The OSTTRA MarkitWire Equity trade confirmation platform enables sell-side and investment management firms to electronically and legally confirm Total Return Swaps along with other Equity derivatives including Options, Variance & Volatility Swaps, Basket Swaps and Accumulators. The platform removes the need for paper confirmation and provides an STP workflow that reduces risk and operational overheads. By agreeing trade details with counterparties through bilateral affirmation or matching instead of negative affirmation, market participants can obtain legal certainty that Swap details are positively confirmed, which decreases the chance of cashflow and settlement breaks. In addition, the OSTTRA triReduce service provided the ability to compress legacy IBORs as part of its compression service.
The regulatory move from IBORs to the new benchmark RFRs has taken place quite smoothly for new USD, GBP and JPY equity swap trades, with no new trades submitted for USD-LIBOR since Feb 2022, GBP-LIBOR since Dec 2021 and JPY since Jan 2022. In some cases, the move across was quite last minute, JPY for example saw 100% of new trades in November 2021 submitted with JPY-LIBOR, which went down to 0% in December – with trades fully moving across to RFRs in just one month. EUR is moving more slowly, with 19% of volume in EUR-EuroSTR in June, up from 0% at the end of 2021.
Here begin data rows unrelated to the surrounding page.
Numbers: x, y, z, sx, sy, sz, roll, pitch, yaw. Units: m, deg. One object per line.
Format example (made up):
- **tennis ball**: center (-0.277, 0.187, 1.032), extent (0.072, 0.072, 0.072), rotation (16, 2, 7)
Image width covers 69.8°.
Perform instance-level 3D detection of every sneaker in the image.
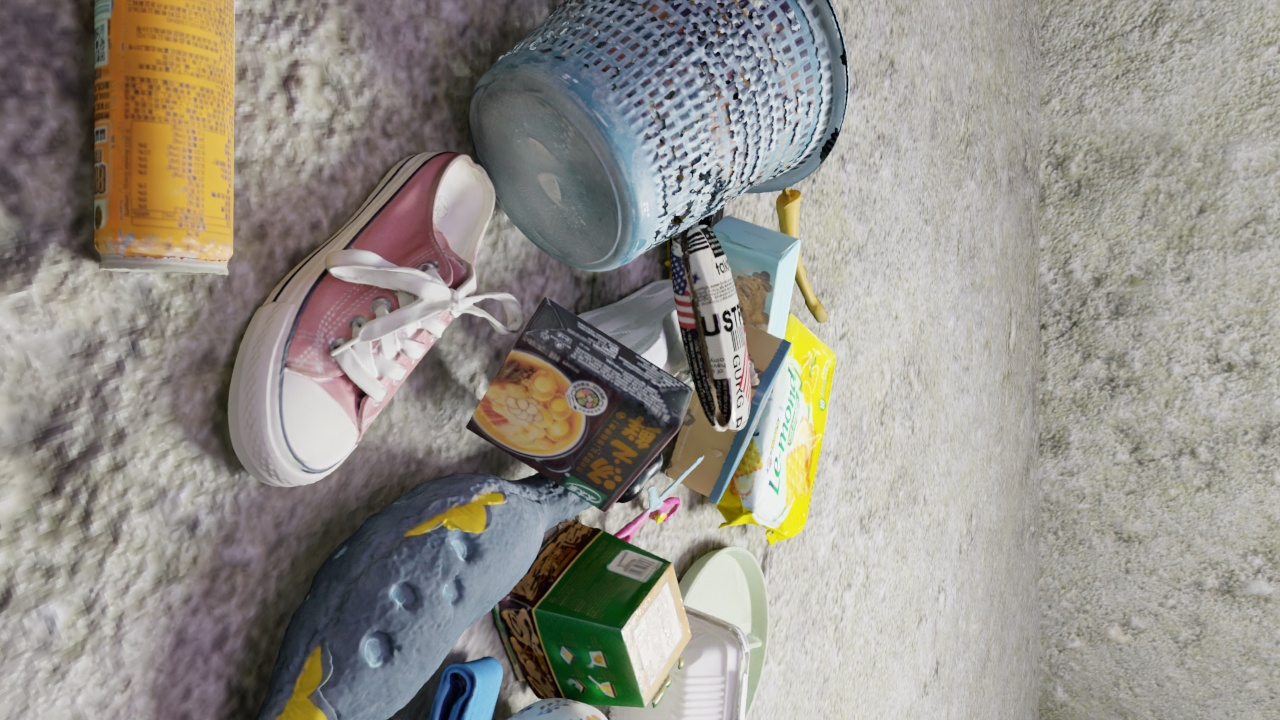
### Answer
- **sneaker**: center (-0.140, -0.033, 0.529), extent (0.118, 0.088, 0.240), rotation (58, 46, -42)
- **sneaker**: center (-0.004, 0.004, 0.745), extent (0.241, 0.090, 0.091), rotation (-38, 132, -61)

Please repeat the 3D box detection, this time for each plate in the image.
- **plate**: center (0.074, 0.306, 0.953), extent (0.229, 0.028, 0.230), rotation (-10, 102, -57)

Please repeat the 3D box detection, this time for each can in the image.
- **can**: center (-0.220, -0.114, 0.425), extent (0.058, 0.058, 0.146), rotation (-3, 96, -57)

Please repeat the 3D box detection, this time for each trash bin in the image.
- **trash bin**: center (-0.003, -0.174, 0.638), extent (0.194, 0.227, 0.227), rotation (-42, 129, -31)

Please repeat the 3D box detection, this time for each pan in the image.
- **pan**: center (0.114, -0.181, 0.831), extent (0.357, 0.078, 0.197), rotation (52, 11, -28)

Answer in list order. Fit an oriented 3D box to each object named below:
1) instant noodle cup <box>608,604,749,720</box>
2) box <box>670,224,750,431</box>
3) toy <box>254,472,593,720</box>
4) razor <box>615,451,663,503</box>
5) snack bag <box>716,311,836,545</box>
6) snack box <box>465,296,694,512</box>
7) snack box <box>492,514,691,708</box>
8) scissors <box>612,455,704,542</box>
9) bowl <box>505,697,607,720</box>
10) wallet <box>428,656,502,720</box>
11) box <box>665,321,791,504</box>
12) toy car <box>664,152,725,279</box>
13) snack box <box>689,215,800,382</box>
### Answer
- **instant noodle cup**: center (0.024, 0.305, 0.794), extent (0.060, 0.138, 0.173), rotation (5, 88, -36)
- **box**: center (0.061, -0.024, 0.710), extent (0.072, 0.060, 0.164), rotation (-95, 171, -78)
- **toy**: center (-0.129, 0.143, 0.566), extent (0.355, 0.091, 0.138), rotation (-42, 139, -44)
- **razor**: center (-0.044, 0.059, 0.721), extent (0.167, 0.062, 0.067), rotation (45, 28, -43)
- **snack bag**: center (0.143, 0.071, 0.995), extent (0.158, 0.068, 0.246), rotation (30, 69, -55)
- **snack box**: center (-0.045, 0.036, 0.606), extent (0.113, 0.126, 0.053), rotation (32, 39, -5)
- **snack box**: center (-0.028, 0.198, 0.711), extent (0.118, 0.106, 0.118), rotation (-46, 129, -47)
- **scissors**: center (0.010, 0.132, 0.808), extent (0.133, 0.017, 0.133), rotation (-42, 161, -12)
- **bowl**: center (-0.077, 0.291, 0.652), extent (0.062, 0.114, 0.113), rotation (39, 59, -30)
- **wallet**: center (-0.117, 0.245, 0.587), extent (0.133, 0.040, 0.106), rotation (93, 12, -74)
- **box**: center (0.077, 0.052, 0.839), extent (0.089, 0.062, 0.185), rotation (-55, 165, -39)
- **toy car**: center (0.051, -0.117, 0.854), extent (0.071, 0.041, 0.156), rotation (-32, 130, -52)
- **snack box**: center (0.095, -0.043, 0.855), extent (0.051, 0.074, 0.175), rotation (-46, 150, -43)

The other notable development in the Equity Swaps market was the initial move to self-compounding rates which are now trending towards the overnight rate with compounding or averaging provisions applied. For example, trades with GBP underliers in Feb 2022 made up around 30% and 56% of the volume and notional respectively vs the self-compounding rate. By July 2022, GBP-SONIA accounted for 72% of volume and 94% of notional.
We’ll continue to monitor the transition to RFRs, in particular overnight rates along with movements in other currencies to be ready to support all events linked to the transition, including the highly anticipated transition dry runs.